- **TASK TO COMPLETE**: Work out how many lines of the listing hold "from", then state only that count.

- **DATASET**:
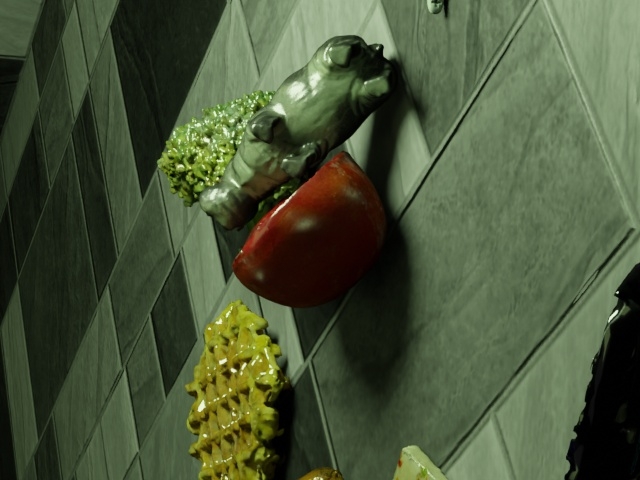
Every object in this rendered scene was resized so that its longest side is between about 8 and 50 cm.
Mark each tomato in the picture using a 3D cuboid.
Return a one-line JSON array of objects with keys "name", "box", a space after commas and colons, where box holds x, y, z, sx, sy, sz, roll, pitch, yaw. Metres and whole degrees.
[{"name": "tomato", "box": [0.000, 0.000, 1.966, 0.200, 0.139, 0.233, -47, 1, 11]}]

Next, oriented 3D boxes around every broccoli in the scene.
[{"name": "broccoli", "box": [-0.126, -0.078, 2.238, 0.242, 0.180, 0.273, -149, 64, -63]}]

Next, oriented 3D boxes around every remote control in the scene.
[{"name": "remote control", "box": [0.254, 0.204, 1.410, 0.062, 0.144, 0.399, 19, 117, 21]}]

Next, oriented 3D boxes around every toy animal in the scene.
[{"name": "toy animal", "box": [-0.045, -0.121, 1.986, 0.343, 0.106, 0.168, -43, 3, 26]}]

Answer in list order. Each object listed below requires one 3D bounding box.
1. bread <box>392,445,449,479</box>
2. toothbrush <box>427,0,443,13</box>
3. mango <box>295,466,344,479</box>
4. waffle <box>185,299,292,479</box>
[{"name": "bread", "box": [0.125, 0.294, 1.817, 0.153, 0.028, 0.068, 45, 127, 57]}, {"name": "toothbrush", "box": [0.135, -0.392, 1.872, 0.026, 0.022, 0.263, 168, 104, -78]}, {"name": "mango", "box": [-0.023, 0.355, 2.079, 0.159, 0.084, 0.105, -54, 46, 52]}, {"name": "waffle", "box": [-0.123, 0.250, 2.340, 0.302, 0.068, 0.325, -125, 42, -55]}]
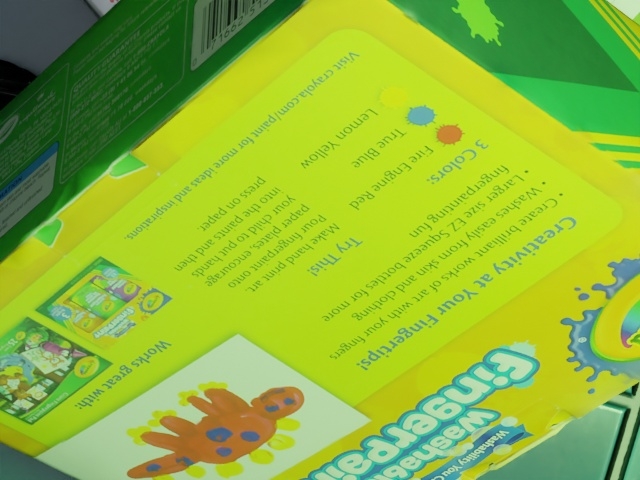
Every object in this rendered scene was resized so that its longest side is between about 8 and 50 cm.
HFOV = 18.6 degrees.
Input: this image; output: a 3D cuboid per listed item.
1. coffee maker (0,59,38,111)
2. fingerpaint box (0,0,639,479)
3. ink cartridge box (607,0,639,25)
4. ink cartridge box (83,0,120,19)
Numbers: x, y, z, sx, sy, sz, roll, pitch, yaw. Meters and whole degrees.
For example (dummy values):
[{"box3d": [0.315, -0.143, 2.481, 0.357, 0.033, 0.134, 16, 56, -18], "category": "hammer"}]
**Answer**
[{"box3d": [-0.253, -0.041, 1.395, 0.171, 0.120, 0.178, 5, 108, -45], "category": "coffee maker"}, {"box3d": [0.000, 0.000, 1.227, 0.371, 0.163, 0.445, 31, 130, -29], "category": "fingerpaint box"}, {"box3d": [0.140, -0.226, 1.323, 0.255, 0.097, 0.189, 40, 72, 9], "category": "ink cartridge box"}, {"box3d": [-0.101, -0.237, 1.411, 0.190, 0.082, 0.139, -40, 96, -2], "category": "ink cartridge box"}]
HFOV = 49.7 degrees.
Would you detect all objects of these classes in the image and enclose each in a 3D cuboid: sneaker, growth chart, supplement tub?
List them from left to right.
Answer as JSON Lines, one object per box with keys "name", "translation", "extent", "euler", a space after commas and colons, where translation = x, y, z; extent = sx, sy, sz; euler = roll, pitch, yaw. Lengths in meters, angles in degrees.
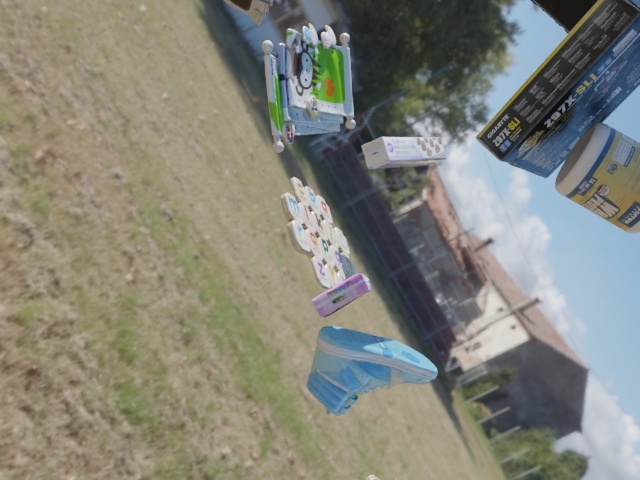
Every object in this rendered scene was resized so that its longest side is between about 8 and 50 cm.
{"name": "growth chart", "translation": [-0.013, -0.230, 1.014], "extent": [0.237, 0.021, 0.172], "euler": [-25, 111, -54]}
{"name": "sneaker", "translation": [0.112, 0.341, 1.679], "extent": [0.318, 0.208, 0.127], "euler": [18, 12, -13]}
{"name": "supplement tub", "translation": [0.538, -0.102, 1.226], "extent": [0.199, 0.144, 0.144], "euler": [31, 5, 5]}

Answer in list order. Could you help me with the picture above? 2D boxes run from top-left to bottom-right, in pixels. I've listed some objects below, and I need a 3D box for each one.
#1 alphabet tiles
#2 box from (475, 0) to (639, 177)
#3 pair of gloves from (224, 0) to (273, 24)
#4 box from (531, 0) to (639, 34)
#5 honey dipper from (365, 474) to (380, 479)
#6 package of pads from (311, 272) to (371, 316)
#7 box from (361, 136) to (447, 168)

- **SOLUTION FOR THIS PROBLEM**: 8